The annular portion 8 is formed with a first mounting hole 8a and a second mounting hole 8b that are open at least rearward. The first mounting hole 8a and the second mounting hole 8b are positioned substantially opposite to each other with the center axis of the annular portion 8 interposed therebetween. The annular portion 8 is formed with a relief recess 8c that opens inwardly and rearwardly, and the relief recess 8c is positioned near the first mounting hole 8a.

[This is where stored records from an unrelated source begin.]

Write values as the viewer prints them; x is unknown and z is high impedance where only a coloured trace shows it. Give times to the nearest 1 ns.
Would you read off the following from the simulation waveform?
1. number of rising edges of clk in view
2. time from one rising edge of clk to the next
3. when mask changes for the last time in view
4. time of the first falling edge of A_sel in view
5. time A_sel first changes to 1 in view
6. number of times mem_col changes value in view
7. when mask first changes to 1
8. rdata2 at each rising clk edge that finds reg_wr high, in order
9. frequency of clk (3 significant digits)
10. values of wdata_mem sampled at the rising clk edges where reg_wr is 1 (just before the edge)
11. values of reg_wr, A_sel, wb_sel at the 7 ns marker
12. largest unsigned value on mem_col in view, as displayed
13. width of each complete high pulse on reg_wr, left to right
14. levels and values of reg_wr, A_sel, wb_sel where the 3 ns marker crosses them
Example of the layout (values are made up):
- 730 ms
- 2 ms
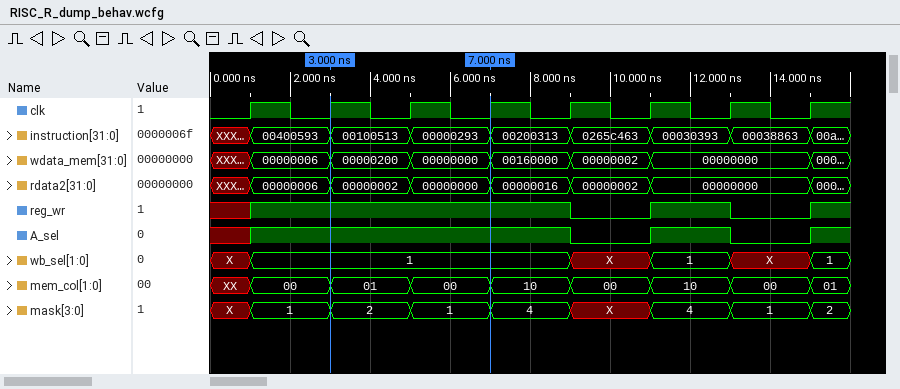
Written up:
- 8
- 2 ns
- 15 ns
- 9 ns
- 1 ns
- 8
- 1 ns
- 00000006, 00000002, 00000000, 00000016, 00000000
- 500 MHz
- 00000006, 00000200, 00000000, 00160000, 00000000
- reg_wr=1, A_sel=1, wb_sel=1
- 10
- 2 ns
- reg_wr=1, A_sel=1, wb_sel=1

The annular portion 8 is attached to the front end of the tubular portion 7 . When the annular portion 8 is attached to the tubular portion, the relief recess 8c formed in the annular portion 8 and the relief recess 7c formed in the tubular portion 7 are continuous in the front and rear (see FIG. 3).

First bearing caps 9, 9 are inserted into and fixed to the first support protrusion 7a of the cylindrical portion 7 and the first support hole 8a of the annular portion 8, respectively. Second bearing caps 10, 10 are inserted into and fixed to the second support protrusion 7b of the cylindrical portion 7 and the second support hole 8b of the annular portion 8, respectively.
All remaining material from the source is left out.